In 2014, Saskatoon Co-op acquired the Safeway location in 8th Street in Saskatoon; it was divested as part of Sobeys' acquisition of Safeway. They then relocated the Home Centre on 8th Street into its former grocery store, and then opened a liquor store in the former Home Centre location.

In 2017, the Saskatchewan Rush of the National Lacrosse League reached a five-year sponsorship deal with Saskatoon Co-op, under which the team's venue is referred to as "Co-op Field at SaskTel Centre" during its games.

In November 2018, UFCW Local 1400 workers at Saskatoon Co-op went on strike (Note: Workers at a former Safeway that was acquired by Saskatoon Co-op did not participate in the strike.

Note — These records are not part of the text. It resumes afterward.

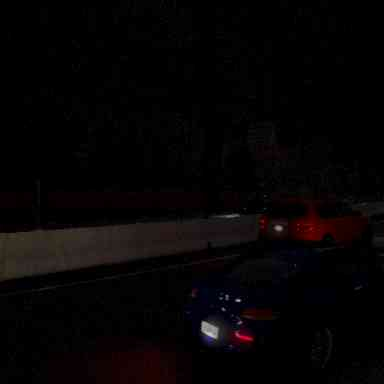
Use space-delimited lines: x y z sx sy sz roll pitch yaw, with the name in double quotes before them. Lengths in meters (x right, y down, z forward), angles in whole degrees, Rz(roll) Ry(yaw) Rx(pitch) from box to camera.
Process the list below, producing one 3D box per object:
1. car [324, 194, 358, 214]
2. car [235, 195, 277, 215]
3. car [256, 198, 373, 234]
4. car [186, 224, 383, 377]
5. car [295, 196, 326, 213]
"car" 16.618 1.276 36.892 2.150 2.045 5.566 0 -1 38
"car" 7.051 1.303 35.923 2.150 2.045 5.566 0 0 38
"car" 4.768 1.244 12.456 5.566 2.045 2.150 0 0 -42
"car" 2.024 1.536 5.555 4.674 1.442 1.812 0 0 -38
"car" 14.070 1.417 39.316 2.097 1.767 4.553 0 0 38
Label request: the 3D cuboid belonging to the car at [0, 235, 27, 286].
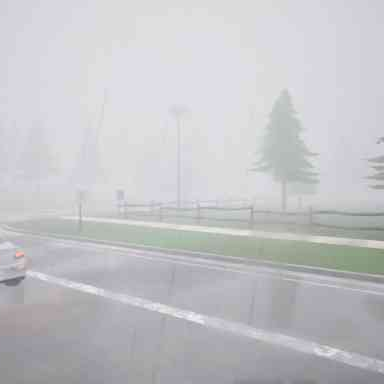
[{"bbox_3d":[-5.839,1.525,8.108,4.674,1.442,1.812,0,0,36],"label":"car"}]
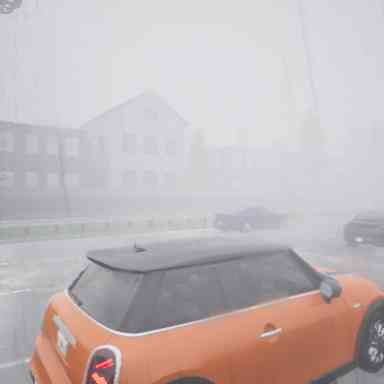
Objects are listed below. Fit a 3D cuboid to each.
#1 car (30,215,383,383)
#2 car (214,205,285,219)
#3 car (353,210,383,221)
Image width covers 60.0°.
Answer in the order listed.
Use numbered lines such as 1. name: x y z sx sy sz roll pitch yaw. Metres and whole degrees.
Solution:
1. car: 0.584 1.358 4.164 4.553 1.767 2.097 0 0 -35
2. car: 3.497 1.507 19.136 5.008 1.535 1.882 0 0 -35
3. car: 8.273 1.536 13.942 4.892 1.490 1.837 0 0 -35
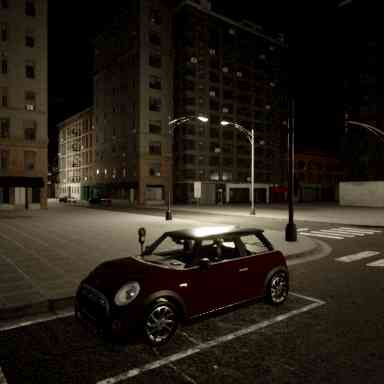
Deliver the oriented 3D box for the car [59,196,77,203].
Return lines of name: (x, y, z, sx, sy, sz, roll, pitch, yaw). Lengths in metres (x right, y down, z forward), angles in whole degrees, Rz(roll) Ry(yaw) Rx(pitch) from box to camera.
car: (-22.162, 1.273, 59.253, 1.895, 1.301, 4.718, 0, 0, -39)

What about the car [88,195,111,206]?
car: (-13.321, 1.240, 47.933, 2.128, 1.511, 4.902, 0, 0, -38)

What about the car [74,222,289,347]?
car: (-0.043, 1.440, 6.273, 4.097, 1.590, 1.967, 0, 0, -38)
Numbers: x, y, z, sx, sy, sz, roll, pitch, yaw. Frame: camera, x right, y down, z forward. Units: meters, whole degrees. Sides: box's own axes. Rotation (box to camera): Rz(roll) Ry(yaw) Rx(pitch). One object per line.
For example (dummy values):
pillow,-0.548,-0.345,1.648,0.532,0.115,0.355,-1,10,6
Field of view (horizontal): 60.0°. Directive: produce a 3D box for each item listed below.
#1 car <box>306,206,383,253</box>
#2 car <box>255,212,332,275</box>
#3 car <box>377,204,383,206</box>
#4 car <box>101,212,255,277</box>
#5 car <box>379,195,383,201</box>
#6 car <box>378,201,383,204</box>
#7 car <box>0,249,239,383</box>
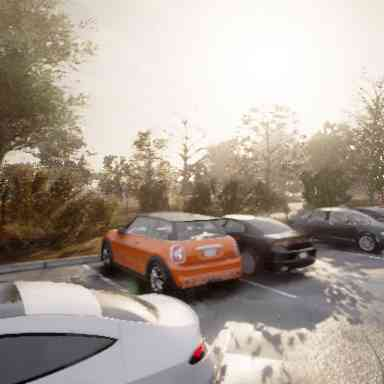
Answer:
car,6.200,1.431,13.683,2.231,1.521,4.892,0,0,-34
car,1.427,1.440,10.437,2.097,1.535,5.008,0,0,-34
car,8.455,1.454,15.166,2.163,1.488,4.792,0,0,-34
car,-0.793,1.319,8.901,2.185,1.767,4.553,0,0,-34
car,13.130,1.163,18.333,2.435,2.045,5.566,0,0,-34
car,10.793,1.449,16.749,2.163,1.488,4.792,0,0,-34
car,-1.959,1.515,2.374,4.674,1.442,1.812,0,0,-34
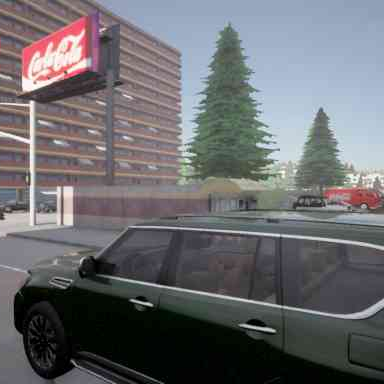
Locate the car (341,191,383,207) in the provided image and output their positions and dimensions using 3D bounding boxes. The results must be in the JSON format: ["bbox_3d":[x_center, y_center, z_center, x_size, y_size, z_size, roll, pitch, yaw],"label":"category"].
[{"bbox_3d":[23.053,1.117,44.819,4.605,1.855,1.932,0,0,35],"label":"car"}]

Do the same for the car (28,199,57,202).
[{"bbox_3d":[-14.865,1.564,35.843,1.994,1.385,4.181,0,0,35],"label":"car"}]

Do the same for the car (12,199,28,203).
[{"bbox_3d":[-18.823,1.491,36.300,2.128,1.511,4.902,0,0,35],"label":"car"}]

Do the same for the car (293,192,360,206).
[{"bbox_3d":[8.767,1.149,22.286,3.866,1.878,1.905,0,0,35],"label":"car"}]

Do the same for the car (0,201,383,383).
[{"bbox_3d":[0.225,1.222,3.832,5.566,2.045,2.150,0,0,35],"label":"car"}]

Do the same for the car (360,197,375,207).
[{"bbox_3d":[10.705,1.338,24.346,4.193,1.474,1.816,0,0,35],"label":"car"}]

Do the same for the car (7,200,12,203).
[{"bbox_3d":[-15.369,1.505,22.629,1.837,1.490,4.892,0,0,35],"label":"car"}]

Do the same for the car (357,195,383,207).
[{"bbox_3d":[26.174,1.285,48.098,3.988,1.617,1.851,0,0,35],"label":"car"}]
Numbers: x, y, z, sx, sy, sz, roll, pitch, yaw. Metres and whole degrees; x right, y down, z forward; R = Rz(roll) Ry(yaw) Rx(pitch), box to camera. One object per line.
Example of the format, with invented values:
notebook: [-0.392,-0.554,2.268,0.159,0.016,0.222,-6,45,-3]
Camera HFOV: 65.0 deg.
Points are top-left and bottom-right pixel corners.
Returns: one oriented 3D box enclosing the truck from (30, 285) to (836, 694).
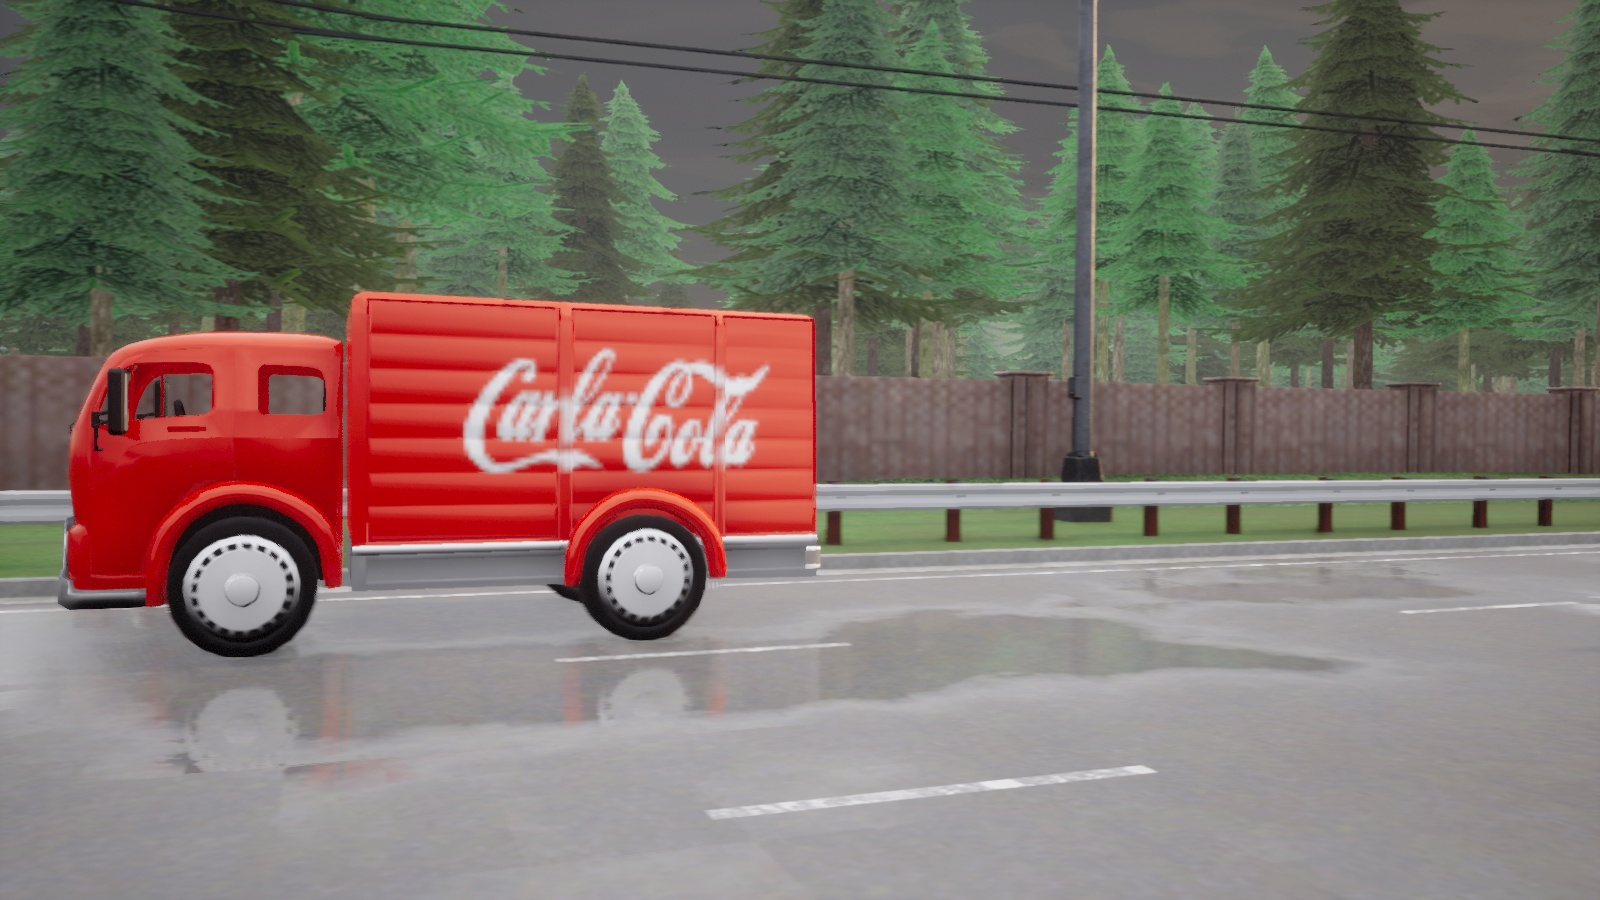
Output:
truck: [-2.646,0.178,9.719,5.204,2.467,2.627,-1,1,-21]
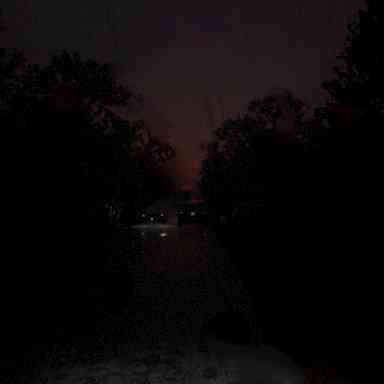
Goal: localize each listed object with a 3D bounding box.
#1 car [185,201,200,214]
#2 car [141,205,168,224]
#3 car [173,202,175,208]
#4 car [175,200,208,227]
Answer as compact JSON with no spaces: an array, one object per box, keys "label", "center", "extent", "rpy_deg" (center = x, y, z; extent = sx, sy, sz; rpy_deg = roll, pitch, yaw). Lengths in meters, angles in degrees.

The employees at this location were represented by the Retail, Wholesale and Department Store Union) over a proposed two-tier salary structure that would place newer employees on a lower pay grid. The union and Saskatoon Co-op reached an agreement in April 2019 that ended the strike.

In February 2019, Hepburn Co-op amalgamated into Saskatoon Co-op, expanding its operations to include Dalmeny, Hepburn, Rosthern, and Waldheim.